TRY IT - Everything from the line containing "3) Compare with" through the line containing "This means $a_n$" in the listing below should be copied exactly, and nothing more.

MATERIAL PROVIDED -

------------------------------

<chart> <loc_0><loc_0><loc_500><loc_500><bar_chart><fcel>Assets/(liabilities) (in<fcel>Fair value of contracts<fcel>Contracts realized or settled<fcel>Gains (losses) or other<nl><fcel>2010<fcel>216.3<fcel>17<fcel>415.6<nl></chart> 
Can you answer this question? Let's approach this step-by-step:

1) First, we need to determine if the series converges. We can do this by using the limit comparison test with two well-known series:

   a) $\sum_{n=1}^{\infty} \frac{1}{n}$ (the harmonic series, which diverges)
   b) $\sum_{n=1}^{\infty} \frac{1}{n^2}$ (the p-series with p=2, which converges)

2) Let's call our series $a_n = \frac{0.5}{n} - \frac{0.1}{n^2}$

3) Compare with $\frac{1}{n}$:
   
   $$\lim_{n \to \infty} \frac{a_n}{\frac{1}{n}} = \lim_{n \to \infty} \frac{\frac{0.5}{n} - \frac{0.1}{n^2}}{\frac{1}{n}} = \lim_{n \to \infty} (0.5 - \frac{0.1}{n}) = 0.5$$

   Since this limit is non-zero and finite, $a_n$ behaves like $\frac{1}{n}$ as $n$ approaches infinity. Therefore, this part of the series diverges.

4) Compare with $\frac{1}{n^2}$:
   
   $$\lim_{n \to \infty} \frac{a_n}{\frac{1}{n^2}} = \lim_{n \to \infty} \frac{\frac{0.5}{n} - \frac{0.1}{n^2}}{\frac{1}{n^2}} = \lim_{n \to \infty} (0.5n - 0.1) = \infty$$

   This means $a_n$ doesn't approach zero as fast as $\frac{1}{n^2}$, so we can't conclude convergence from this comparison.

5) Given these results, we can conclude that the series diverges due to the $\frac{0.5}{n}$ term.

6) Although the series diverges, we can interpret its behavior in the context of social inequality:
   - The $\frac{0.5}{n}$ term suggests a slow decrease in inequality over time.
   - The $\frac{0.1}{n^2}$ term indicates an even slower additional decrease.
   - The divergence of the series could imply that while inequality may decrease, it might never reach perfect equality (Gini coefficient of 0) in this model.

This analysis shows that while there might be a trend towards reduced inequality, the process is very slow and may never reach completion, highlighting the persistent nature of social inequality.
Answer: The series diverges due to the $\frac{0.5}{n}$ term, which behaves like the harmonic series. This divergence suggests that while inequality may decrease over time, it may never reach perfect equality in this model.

------------------------------

FINAL ANSWER -
3) Compare with $\frac{1}{n}$:
   
   $$\lim_{n \to \infty} \frac{a_n}{\frac{1}{n}} = \lim_{n \to \infty} \frac{\frac{0.5}{n} - \frac{0.1}{n^2}}{\frac{1}{n}} = \lim_{n \to \infty} (0.5 - \frac{0.1}{n}) = 0.5$$

   Since this limit is non-zero and finite, $a_n$ behaves like $\frac{1}{n}$ as $n$ approaches infinity. Therefore, this part of the series diverges.

4) Compare with $\frac{1}{n^2}$:
   
   $$\lim_{n \to \infty} \frac{a_n}{\frac{1}{n^2}} = \lim_{n \to \infty} \frac{\frac{0.5}{n} - \frac{0.1}{n^2}}{\frac{1}{n^2}} = \lim_{n \to \infty} (0.5n - 0.1) = \infty$$

   This means $a_n$ doesn't approach zero as fast as $\frac{1}{n^2}$, so we can't conclude convergence from this comparison.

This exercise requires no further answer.